Il y a d’abord la persistance d’un Front national à un haut niveau. Voilà vingt ans que la droite française vit avec. La porosité des débuts a disparu. L’étanchéité est désormais à peu près totale. Par sa manière d’être, le volontarisme, le verbe haut, Nicolas Sarkozy a pu exercer suffisamment de séduction pour qu’une part significative de l’électorat FN se reporte sur lui au cas où Jean-Marie Le Pen ne serait pas au second tour.
Les électeurs de François Bayrou peuvent bien être emportés par la fougue de leur candidat. Un second tour Ségo-Sarko verra, là encore, nombre des électeurs UDF revenir dans le giron d’une droite qui est leur camp depuis toujours.
Restent les chiraquiens, Jean-Louis Debré avec une escopette, Dominique de Villepin et sa fronde, Jacques Chirac et son sonotone. Personnellement, je ne les trouve pas très menaçants pour le candidat Sarkozy. Attendons quand même de voir.

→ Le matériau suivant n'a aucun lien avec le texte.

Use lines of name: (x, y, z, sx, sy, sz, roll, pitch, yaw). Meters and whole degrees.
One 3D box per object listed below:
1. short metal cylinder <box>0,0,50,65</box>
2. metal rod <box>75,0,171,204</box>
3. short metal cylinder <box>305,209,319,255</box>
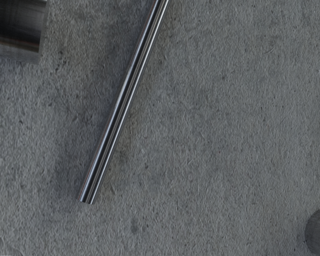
short metal cylinder: (-0.148, -0.111, 0.325, 0.050, 0.080, 0.080, 10, 87, -20)
metal rod: (-0.040, -0.051, 0.394, 0.025, 0.025, 0.299, 22, 83, -19)
short metal cylinder: (0.286, 0.176, 0.502, 0.081, 0.050, 0.080, 0, 90, -20)
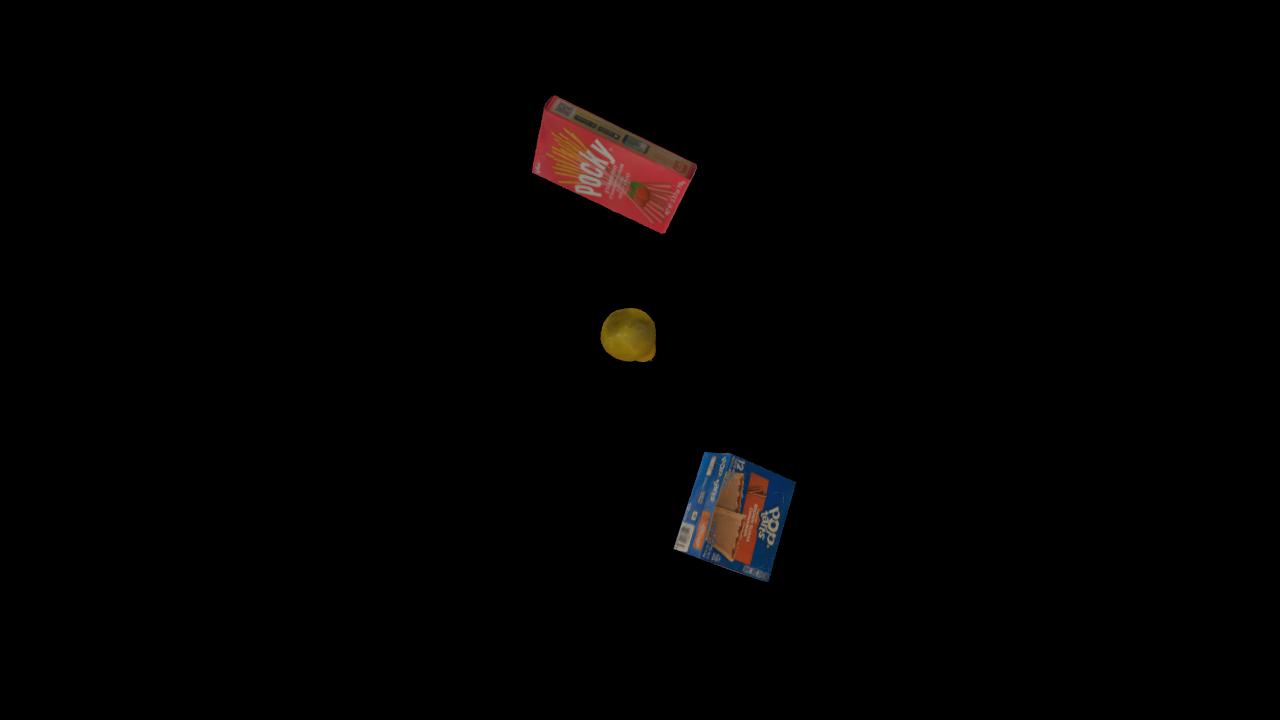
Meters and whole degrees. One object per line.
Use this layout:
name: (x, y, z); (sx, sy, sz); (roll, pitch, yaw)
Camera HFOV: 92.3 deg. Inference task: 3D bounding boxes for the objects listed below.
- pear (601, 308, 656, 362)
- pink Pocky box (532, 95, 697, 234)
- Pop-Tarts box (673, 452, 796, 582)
pear: (-0.003, -0.022, 0.873); (0.080, 0.080, 0.111); (0, -30, 43)
pink Pocky box: (-0.029, -0.191, 0.614); (0.155, 0.029, 0.084); (25, -33, -5)
Pop-Tarts box: (0.154, 0.250, 0.991); (0.141, 0.167, 0.083); (27, -15, -23)
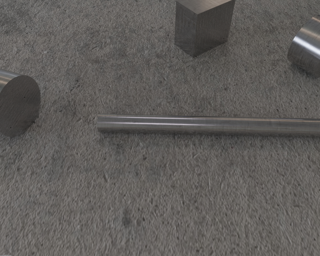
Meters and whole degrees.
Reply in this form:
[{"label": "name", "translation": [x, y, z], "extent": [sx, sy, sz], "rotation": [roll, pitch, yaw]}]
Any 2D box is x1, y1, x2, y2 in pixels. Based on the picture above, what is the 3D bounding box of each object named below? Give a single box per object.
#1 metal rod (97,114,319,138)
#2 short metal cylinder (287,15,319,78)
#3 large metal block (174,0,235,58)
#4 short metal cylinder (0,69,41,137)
[{"label": "metal rod", "translation": [0.071, -0.003, 0.406], "extent": [0.302, 0.025, 0.025], "rotation": [1, 50, 1]}, {"label": "short metal cylinder", "translation": [0.244, -0.125, 0.474], "extent": [0.081, 0.080, 0.050], "rotation": [-31, 57, -23]}, {"label": "large metal block", "translation": [0.072, -0.176, 0.516], "extent": [0.081, 0.080, 0.050], "rotation": [-30, 56, -23]}, {"label": "short metal cylinder", "translation": [-0.200, -0.034, 0.395], "extent": [0.050, 0.080, 0.080], "rotation": [16, 52, 13]}]
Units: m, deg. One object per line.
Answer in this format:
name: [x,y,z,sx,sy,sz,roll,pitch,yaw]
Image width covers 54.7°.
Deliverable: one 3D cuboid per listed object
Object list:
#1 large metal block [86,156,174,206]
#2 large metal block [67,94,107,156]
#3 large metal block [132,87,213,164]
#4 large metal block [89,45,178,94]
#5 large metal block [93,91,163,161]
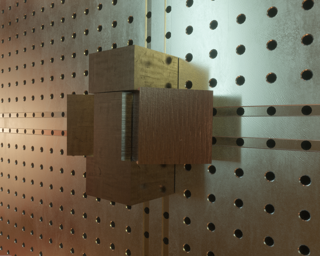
large metal block: [-0.038,0.061,0.401,0.080,0.081,0.050,2,91,39]
large metal block: [-0.095,-0.005,0.441,0.050,0.080,0.079,0,91,0]
large metal block: [0.012,-0.002,0.351,0.050,0.081,0.079,-177,88,-77]
large metal block: [-0.034,-0.068,0.398,0.080,0.081,0.050,2,91,39]
large metal block: [-0.037,-0.003,0.401,0.050,0.081,0.079,1,91,40]
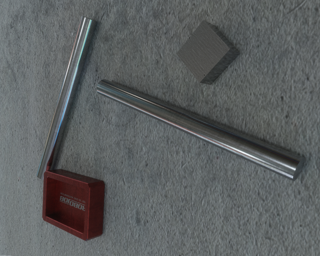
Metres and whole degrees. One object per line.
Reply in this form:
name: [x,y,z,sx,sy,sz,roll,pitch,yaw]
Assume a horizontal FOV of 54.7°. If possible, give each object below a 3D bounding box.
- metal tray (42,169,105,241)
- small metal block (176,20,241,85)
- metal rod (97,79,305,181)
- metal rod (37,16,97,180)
metal tray: [-0.148,0.124,0.520,0.130,0.030,0.089,5,93,39]
small metal block: [0.055,-0.086,0.358,0.050,0.025,0.050,-48,62,29]
metal rod: [0.023,-0.012,0.384,0.300,0.025,0.025,25,106,37]
metal rod: [-0.166,-0.042,0.538,0.025,0.025,0.298,34,111,34]

Voilà, ce vendredi matin, la scène politique telle qu’on peut la décrire hâtivement. Heureusement, il ne faut jamais désespérer de la politique. Vous partez en week-end, et vous revenez le lundi, le chantier est tourneboulé. Je ne sais pas moi, imaginez que le voleur du scooter de qui vous savez, solidement identifié grâce à un test ADN chèrement payé, se révèle être le fils du neveu de la nièce de l’oncle du cousin du président sortant. Le scandale, et voilà N. Sarkozy, dix point de moins dans les sondages, battu à plate couture au second tour.